A guy in the back of the room interrupted. “I’m sorry, are you inviting us to a sportsball game?” I took a closer look at him—he was deeply tan, had fluffy good hair, and wore a goddamn blazer with elbow patches.
“Not sportsball—I don’t actually know what sportsball is—this is basketball.”
“So you throw a round object through a hoop?”
Lakshmi blinked. “Yeah. That is a description of basketball, Milo.”
Milo leaned back in his chair. “And you think this is a worthwhile use of your time? I mean, you’re inviting us to this—don’t you think this culture puts too much emphasis on sports and not enough emphasis on things that actually matter?”
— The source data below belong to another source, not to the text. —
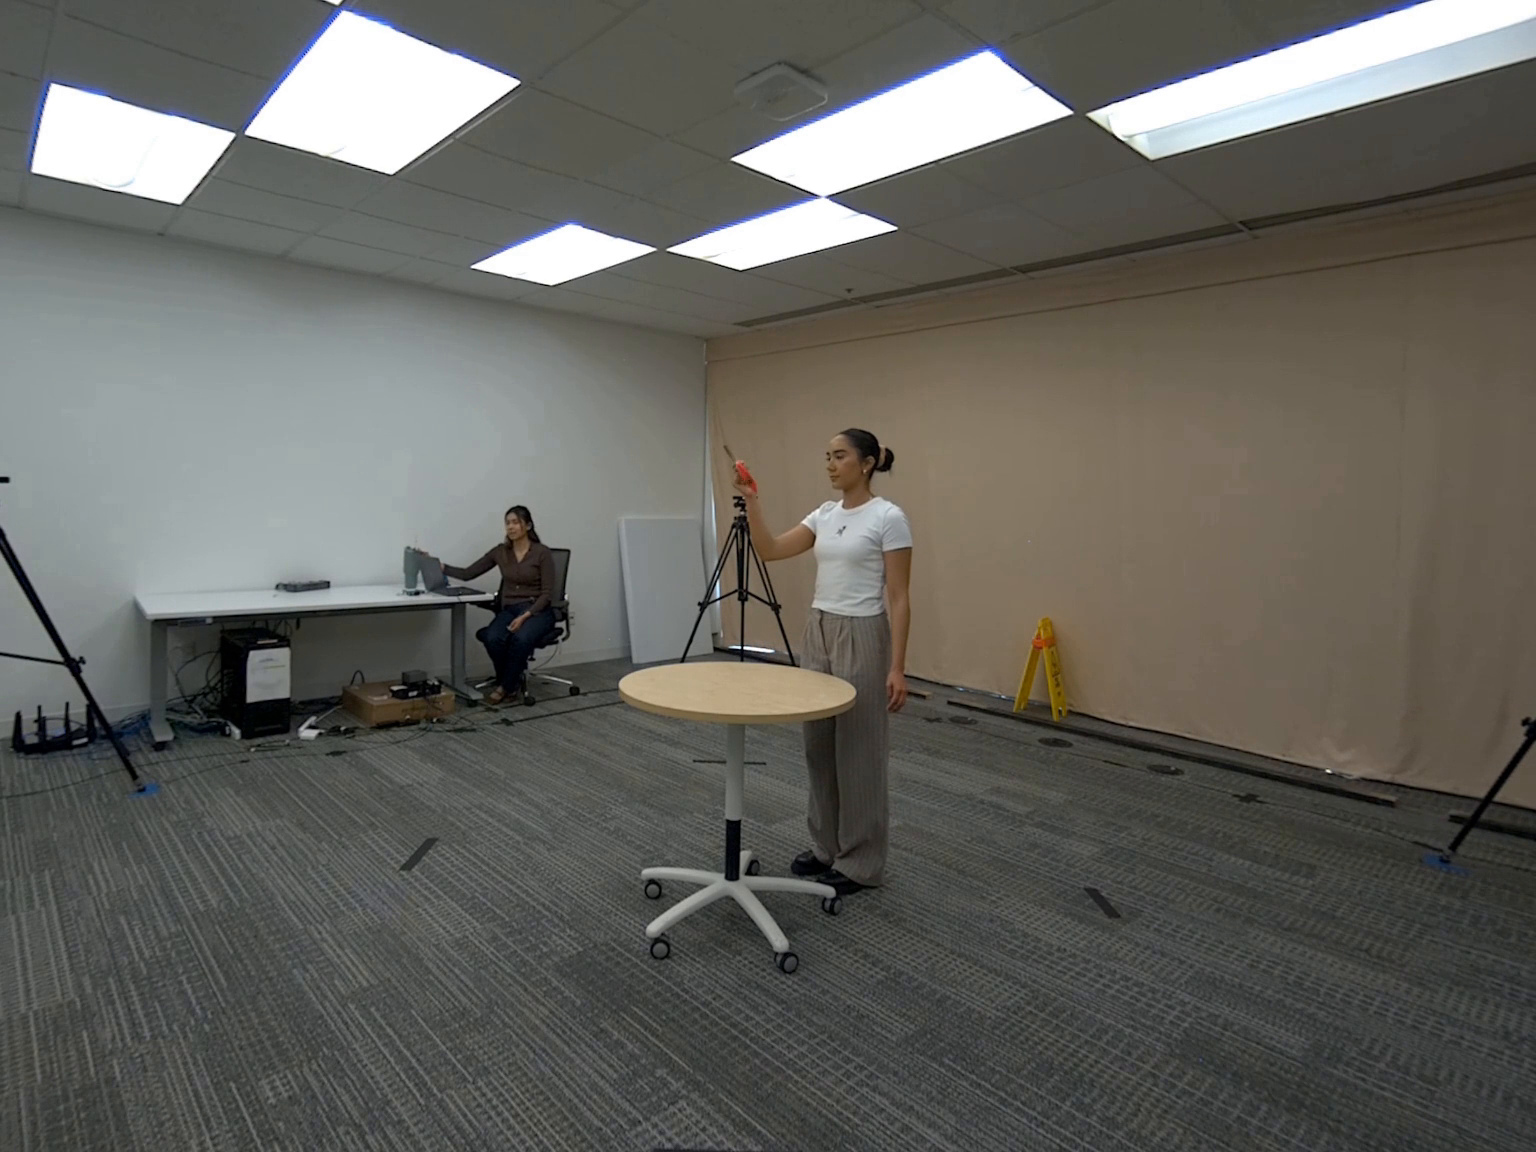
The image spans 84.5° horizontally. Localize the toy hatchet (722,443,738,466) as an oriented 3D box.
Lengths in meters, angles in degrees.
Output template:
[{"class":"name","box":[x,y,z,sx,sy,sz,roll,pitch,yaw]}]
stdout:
[{"class":"toy hatchet","box":[-0.115,-0.402,2.951,0.029,0.278,0.127,-34,-42,8]}]

Lakshmi stammered a bit. I looked at Ms. Banks, who was trying to ignore all of it.
Milo kept going. “Are you aware that studies have shown that there’s no link between athletic achievement and success in college?”
“I don’t think that’s true—”
“So you just don’t believe in peer-reviewed studies, then? Is that it? I’m sorry, do you have a background as a social scientist? I guess I missed that part of our education here.”
“I’m just inviting people to a basketball game—”
“Why are you changing the subject?”
“I’m not changing the subject.”
“The subject is do you believe in peer-reviewed studies? Are you a believer in science?” Milo chopped his hand in front of him like he was slicing her down with a mental katana. “Clearly there is research out there. That research shows no link between athletics and academic achievement, and yet you would bury your head in the sand and have us all celebrate you. For what? For your ability to throw a round object through a hoop? Can anyone think of a more useless waste of our time?”
Lakshmi twitched a bit, biting her lip.
God, what an asshole.
Sixteen heads swiveled toward me. Oh, had those words come out of my mouth?
Why yes. Yes they had. See, there was a way to make the class hate me more.